→ **What this task involves**:
How many lines of the records hold the string "list"? Reply with the number alone.

→ **Data supplied**:
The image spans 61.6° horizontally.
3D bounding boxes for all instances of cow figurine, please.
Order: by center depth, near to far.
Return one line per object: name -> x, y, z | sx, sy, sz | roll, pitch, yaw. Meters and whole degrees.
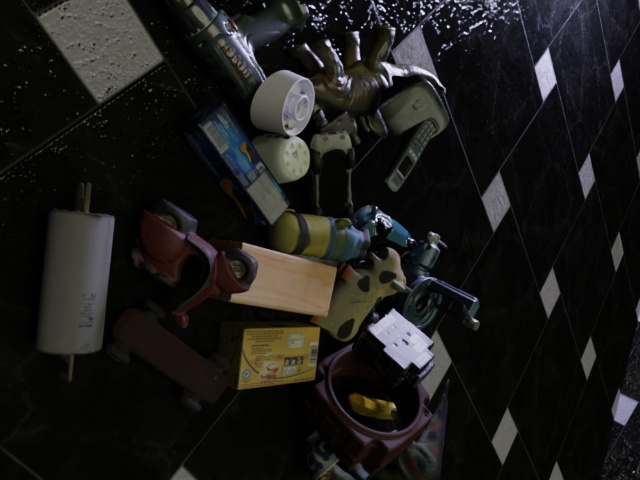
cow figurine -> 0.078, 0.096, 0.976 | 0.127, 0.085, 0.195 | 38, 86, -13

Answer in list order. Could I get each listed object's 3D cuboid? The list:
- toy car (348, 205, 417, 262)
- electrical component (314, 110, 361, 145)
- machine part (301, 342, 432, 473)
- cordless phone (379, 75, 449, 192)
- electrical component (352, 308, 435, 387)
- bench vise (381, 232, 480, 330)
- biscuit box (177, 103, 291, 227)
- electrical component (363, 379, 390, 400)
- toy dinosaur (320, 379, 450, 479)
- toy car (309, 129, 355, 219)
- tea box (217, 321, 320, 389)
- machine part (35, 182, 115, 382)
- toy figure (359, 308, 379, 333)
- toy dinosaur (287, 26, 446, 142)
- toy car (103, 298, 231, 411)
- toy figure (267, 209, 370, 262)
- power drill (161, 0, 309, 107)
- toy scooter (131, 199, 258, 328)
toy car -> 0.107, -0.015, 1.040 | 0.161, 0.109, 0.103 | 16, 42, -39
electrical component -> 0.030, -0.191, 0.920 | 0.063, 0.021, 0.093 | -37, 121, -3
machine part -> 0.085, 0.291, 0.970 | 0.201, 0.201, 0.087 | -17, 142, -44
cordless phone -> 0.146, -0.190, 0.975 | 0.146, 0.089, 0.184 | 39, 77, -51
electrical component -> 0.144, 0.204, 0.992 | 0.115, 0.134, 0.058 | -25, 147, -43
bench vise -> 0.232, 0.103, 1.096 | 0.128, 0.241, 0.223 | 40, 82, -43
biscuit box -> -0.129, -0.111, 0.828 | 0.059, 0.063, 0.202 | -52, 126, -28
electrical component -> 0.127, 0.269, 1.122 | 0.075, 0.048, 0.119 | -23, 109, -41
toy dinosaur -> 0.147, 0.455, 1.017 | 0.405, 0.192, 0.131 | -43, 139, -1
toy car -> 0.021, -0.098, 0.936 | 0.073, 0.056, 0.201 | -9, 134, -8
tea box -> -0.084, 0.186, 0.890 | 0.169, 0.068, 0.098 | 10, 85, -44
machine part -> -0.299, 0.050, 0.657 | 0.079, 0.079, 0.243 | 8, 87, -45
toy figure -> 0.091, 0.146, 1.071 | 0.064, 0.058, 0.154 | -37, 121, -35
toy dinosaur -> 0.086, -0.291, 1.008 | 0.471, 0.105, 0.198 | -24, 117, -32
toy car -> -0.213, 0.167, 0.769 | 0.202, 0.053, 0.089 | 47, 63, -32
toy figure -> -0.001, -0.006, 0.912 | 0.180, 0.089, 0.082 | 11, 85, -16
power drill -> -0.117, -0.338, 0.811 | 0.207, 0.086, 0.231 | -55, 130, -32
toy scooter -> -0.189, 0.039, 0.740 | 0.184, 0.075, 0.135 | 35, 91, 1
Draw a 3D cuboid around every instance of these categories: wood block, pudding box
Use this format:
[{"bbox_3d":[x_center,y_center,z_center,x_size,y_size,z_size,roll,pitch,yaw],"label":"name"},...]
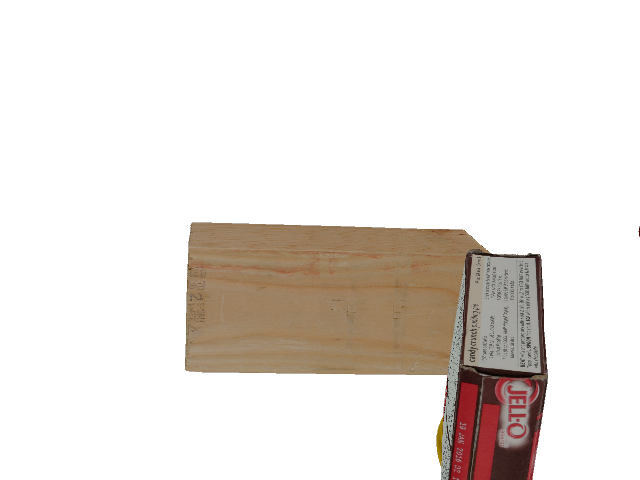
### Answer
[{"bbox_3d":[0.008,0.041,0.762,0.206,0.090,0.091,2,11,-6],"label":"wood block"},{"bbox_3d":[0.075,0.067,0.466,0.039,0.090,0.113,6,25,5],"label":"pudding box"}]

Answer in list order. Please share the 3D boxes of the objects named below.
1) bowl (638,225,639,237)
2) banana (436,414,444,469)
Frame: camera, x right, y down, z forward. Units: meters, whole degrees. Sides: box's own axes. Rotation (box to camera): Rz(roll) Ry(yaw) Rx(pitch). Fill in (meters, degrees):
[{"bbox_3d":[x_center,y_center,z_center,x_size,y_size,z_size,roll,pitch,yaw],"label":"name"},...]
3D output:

→ **Expected answer**:
2